Two dice are thrown n times in succession. What is the probability of obtaining ‘double six’at least once? Find the least number of throws so that the probability of obtaining at least one‘double six’ will be greater than 1/2?

Sure, here is the step by step solution:

Step 1: Understand the problem We are throwing two dice together and we want to find the probability of getting a 'double six' at least once. A 'double six' means that both dice show a six.

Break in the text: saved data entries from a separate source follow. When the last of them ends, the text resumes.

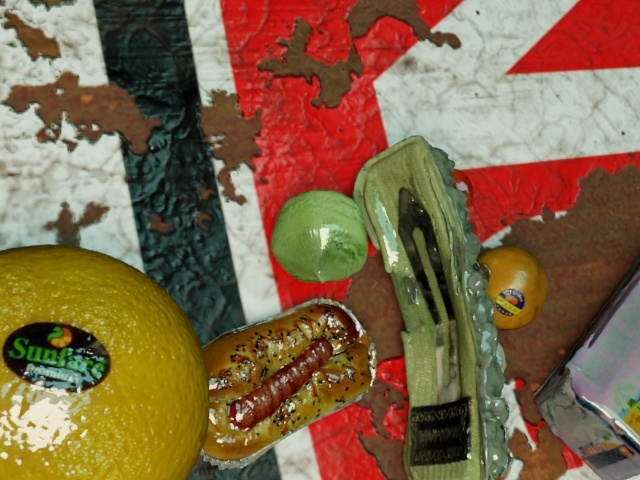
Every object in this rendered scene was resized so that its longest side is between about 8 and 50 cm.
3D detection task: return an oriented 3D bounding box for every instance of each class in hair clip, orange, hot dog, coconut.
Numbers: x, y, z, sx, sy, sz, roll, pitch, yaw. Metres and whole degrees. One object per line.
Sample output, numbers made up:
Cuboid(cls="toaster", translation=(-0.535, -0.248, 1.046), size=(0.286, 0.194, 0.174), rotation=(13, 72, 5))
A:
Cuboid(cls="hair clip", translation=(0.116, 0.065, 0.899), size=(0.091, 0.138, 0.321), rotation=(0, 75, -35))
Cuboid(cls="orange", translation=(-0.193, 0.111, 0.698), size=(0.236, 0.236, 0.236), rotation=(7, 72, -22))
Cuboid(cls="hot dog", translation=(-0.037, 0.117, 0.855), size=(0.191, 0.059, 0.108), rotation=(-24, 90, -30))
Cuboid(cls="orange", translation=(0.179, 0.046, 0.959), size=(0.084, 0.083, 0.083), rotation=(7, 72, -22))
Cuboid(cls="coconut", translation=(0.000, 0.000, 0.889), size=(0.088, 0.088, 0.096), rotation=(19, 47, -18))

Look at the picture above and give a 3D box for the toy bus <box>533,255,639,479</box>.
Cuboid(cls="toy bus", translation=(0.352, 0.091, 1.011), size=(0.138, 0.112, 0.317), rotation=(42, 61, 4))

Step 2: Calculate the probability of getting a 'double six' in one throw There are 6*6 = 36 possible outcomes when two dice are thrown. Only one of these outcomes is a 'double six'. So, the probability of getting a 'double six' in one throw is 1/36.

Step 3: Calculate the probability of not getting a 'double six' in one throw The probability of not getting a 'double six' in one throw is 1 - 1/36 = 35/36.

Step 4: Calculate the probability of not getting a 'double six' in n throws The probability of not getting a 'double six' in n throws is (35/36)^n.

Step 5: Calculate the probability of getting a 'double six' at least once in n throws The probability of getting a 'double six' at least once in n throws is 1 - (35/36)^n.

Step 6: Find the least number of throws so that the probability of getting at least one 'double six' is greater than 1/2 We need to solve the inequality 1 - (35/36)^n > 1/2. Solving this inequality gives n > log(2)/log(36/35) ≈ 24.6. Since n must be an integer, the least number of throws is 25.